Poor management of the Mixing Bowl highway construction project in Northern Virginia will cause the overall price tag to approach $1 billion and the target completion date to extend well past 2007, a federal report to be released today said.
The two-year review by the U.S. Department of Transportation's inspector general also said continued price overruns during the project's first seven years caused the state to delay or cancel 70 percent of other highway projects in Northern Virginia.
The report called for a federal review of the Springfield interchange reconstruction and urged the Virginia Department of Transportation (VDOT) and the Federal Highway Administration to enact management controls that could help bring down the project's costs.
The latest projections show costs rising beyond the $676.5 million estimate, and maybe as high as $1 billion, according to the review.
U.S. Rep. James P. Moran called the report "damning" and said it was unfortunate it wasn't released before last month's referendum vote on increasing the sales tax in the region to pay for more transportation projects, which voters rejected.
"This is a case study in poor management, poor fiscal management and probably poor upfront estimating," Mr. Moran said.
But VDOT Commissioner Philip A. Shucet said the agency is much better run now than when planning for the project began in 1994. He said VDOT is developing a finance plan to keep spending on the project in check.
Mr. Shucet expects the finance plan to be done within 30 days.
"The Springfield interchange will be delivered in the year 2007, and it will certainly be less than $700 million.
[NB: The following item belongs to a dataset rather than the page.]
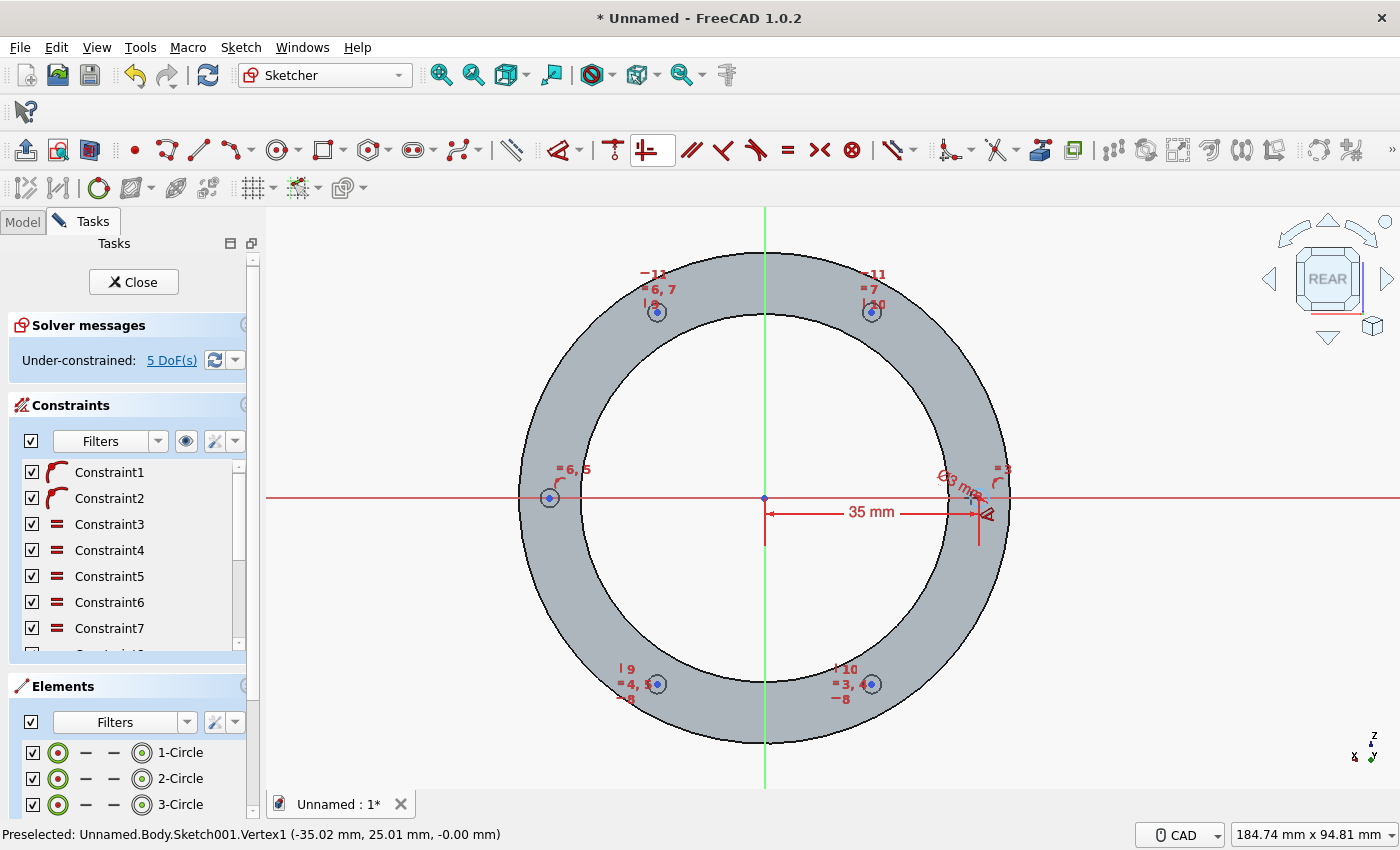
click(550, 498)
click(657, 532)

It is not going to be a billion-dollar project," he said. "I'm just not going to allow it."
The report was the first extensive audit of one of Virginia's most expensive highway projects.
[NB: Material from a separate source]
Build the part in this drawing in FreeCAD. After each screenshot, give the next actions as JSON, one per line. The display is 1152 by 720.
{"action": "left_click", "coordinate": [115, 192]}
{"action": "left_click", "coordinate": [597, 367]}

Initially projected at a cost of $220 million, construction costs increased by 180 percent from mid-1994 through 2000.
The latest increase came in March, when VDOT officials announced the cost had jumped by almost $100 million to the $676.5 million estimate.
The inspector general's reports said about a third of the money spent nearly $237 million could be tied to poor management and underestimated project costs.
The original estimate "severely understated project costs because it excluded known, planned and easily predictable costs that are standard cost elements in major highway construction projects," the report said.
The report recommended the Federal Highway Administration establish minimum standards for states to follow when making cost estimates on similar major highway construction projects in the future.
Three phases of the Mixing Bowl project have been completed.
In all, the new interchange will include 50 new bridges, with 24 lanes on I-95 at its widest point, just south of the Capital Beltway.
The Springfield interchange connects Interstates 95, 395 and 495, with daily traffic of 430,000 vehicles.
It has been the most frequent spot on the Capital Beltway for accidents, according to a recent study.